13. Science, Technology and Expertise in Policy

Faculty: Julia Dehm (Australia) La Trobe Law School; Sheila Jasanoff (United States) Harvard Kennedy School of Government

This stream will focus on the relationships among science, technology, and political power in contemporary policy making. The modern state’s capacity to produce and use scientific knowledge is significant both in the production and maintenance of political order and in shaping or justifying the choices faced by policy elites.   We will focus on the role of scientific knowledge in policy-making oriented to environmental “sustainability.”

 

14. The Circulation of Law in East Asia

Faculty: Hisashi Harata (Japan) The University of Tokyo; Mika Yokoyama (Japan) Kyoto University; Yun-Ru Chen (Taiwan) National Taiwan University

How do legal ideas, doctrines and institutions move from place to place?
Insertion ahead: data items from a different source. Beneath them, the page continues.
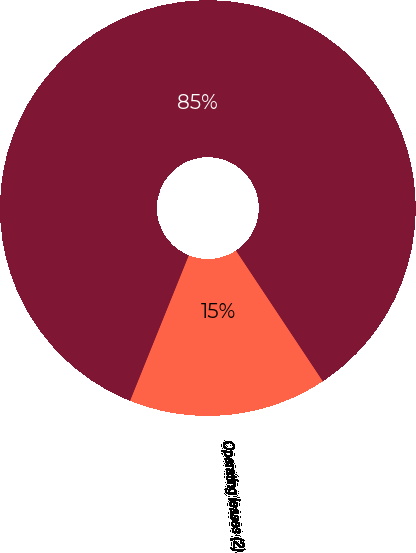<chart> <loc_0><loc_0><loc_500><loc_500><pie_chart><fcel>Operating leases (2)<fcel>Total<nl><fcel>15.44%<fcel>84.56%<nl></chart> 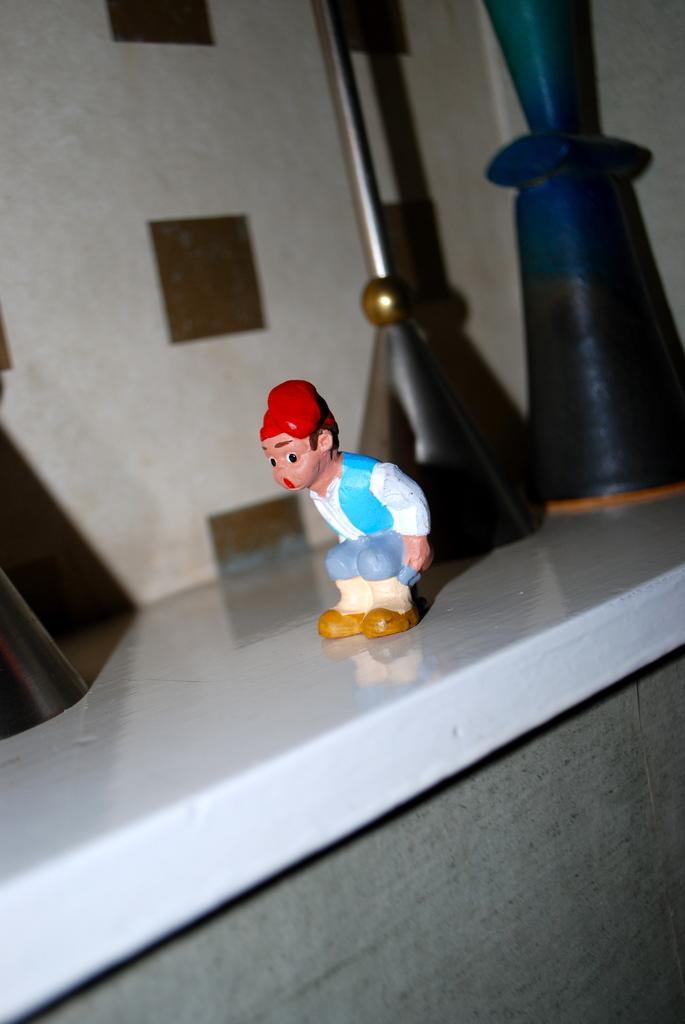Describe this image in one or two sentences. In this image, we can see a toy and few objects on the white shelf. Background there is a wall. At the bottom, we can see ash color. 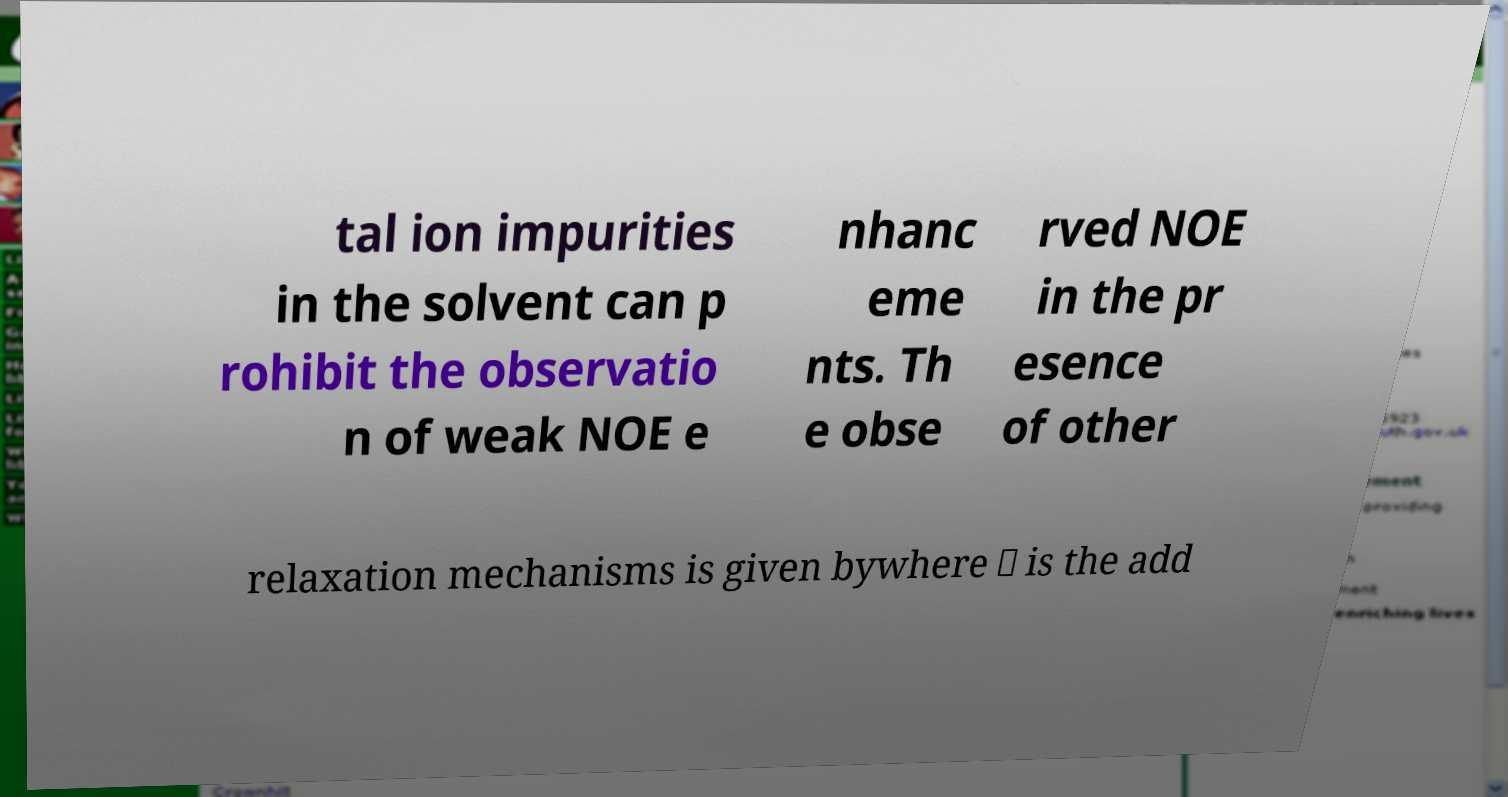Could you extract and type out the text from this image? tal ion impurities in the solvent can p rohibit the observatio n of weak NOE e nhanc eme nts. Th e obse rved NOE in the pr esence of other relaxation mechanisms is given bywhere ⋇ is the add 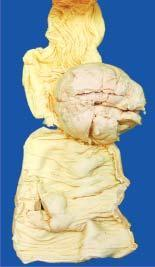s gomori methenamine silver ulcerated?
Answer the question using a single word or phrase. No 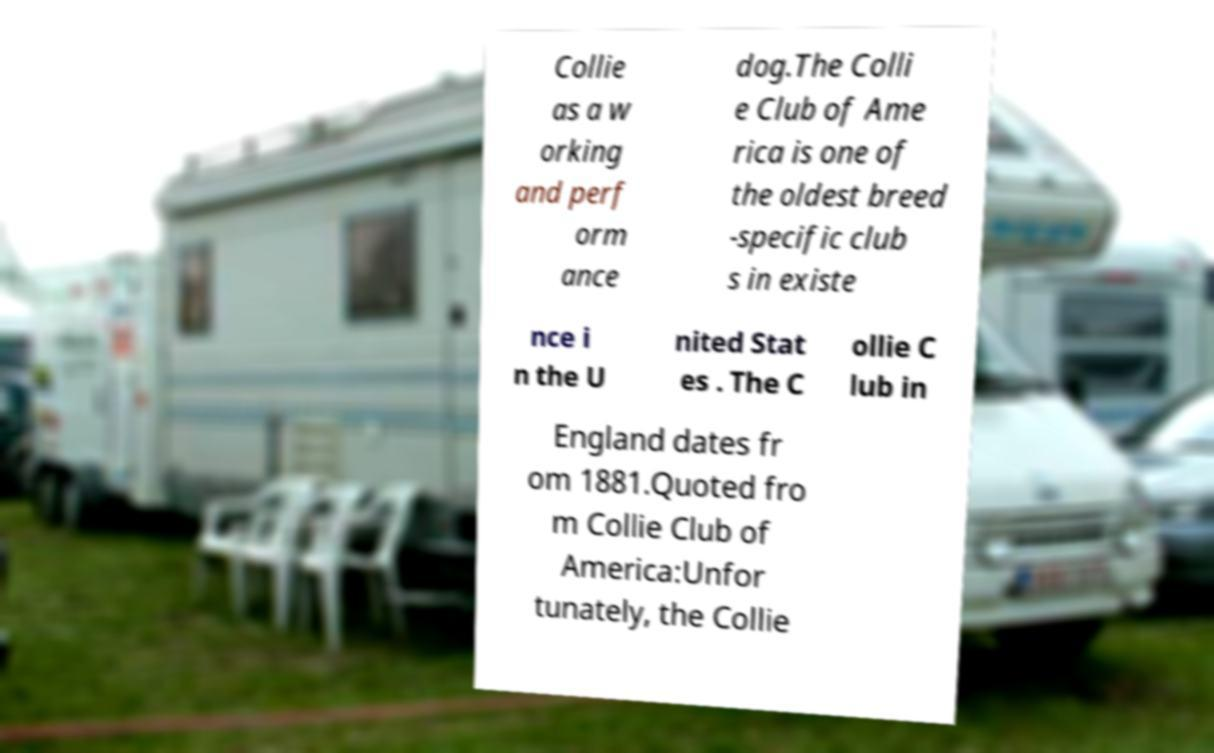I need the written content from this picture converted into text. Can you do that? Collie as a w orking and perf orm ance dog.The Colli e Club of Ame rica is one of the oldest breed -specific club s in existe nce i n the U nited Stat es . The C ollie C lub in England dates fr om 1881.Quoted fro m Collie Club of America:Unfor tunately, the Collie 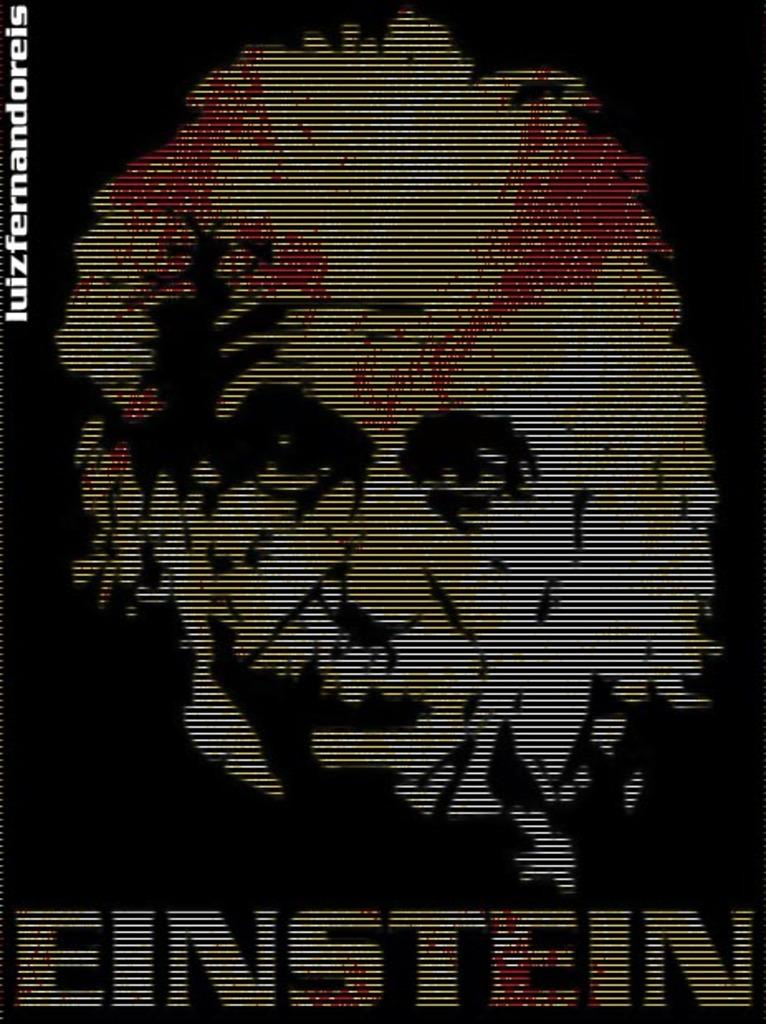<image>
Offer a succinct explanation of the picture presented. A computer screen shows an image in black and white with some red of EINSTEIN.

As “legal transplants” accepted or refused? As colonial – or neo-colonial – compulsion? Through a more complex global circulation of legal knowledge and experience? The experience of East Asian countries may be indicative. Japan, for example, was first country acknowledged as “civilized” by the West — what did Japan really adopt, what was forced upon them – and what compromises did Western powers make in adopting Japan into their legal community? As Japan used similar legal tools in colonizing other Asian countries, how did they respond, to “westernization” by Japan to modernize their own legal systems? How do more recent experiences of legal Americanization compare with these earlier colonial moments? How to understand the multilateral circulation of legal knowledge and experience we find today among many Asian nations?

 

15.Trade Policy: Contemporary Issues

Faculty: Alvaro Santos (Mexico) Georgetown Law; Chantal Thomas (United States) Cornell University; Mark Wu (United States) Harvard Law School

The legal terrain for trade has undergone a series of reorientations over the last decades, from multilateral to bilateral, to regional – and now to a complex and variegated set of overlapping regimes.  We will consider the political – and economic – stakes involved for nations with various perspectives and economic strategies as they engage the regime.   Our aim is to help clarify the choices embedded in current regions and options for their productive contestation and change.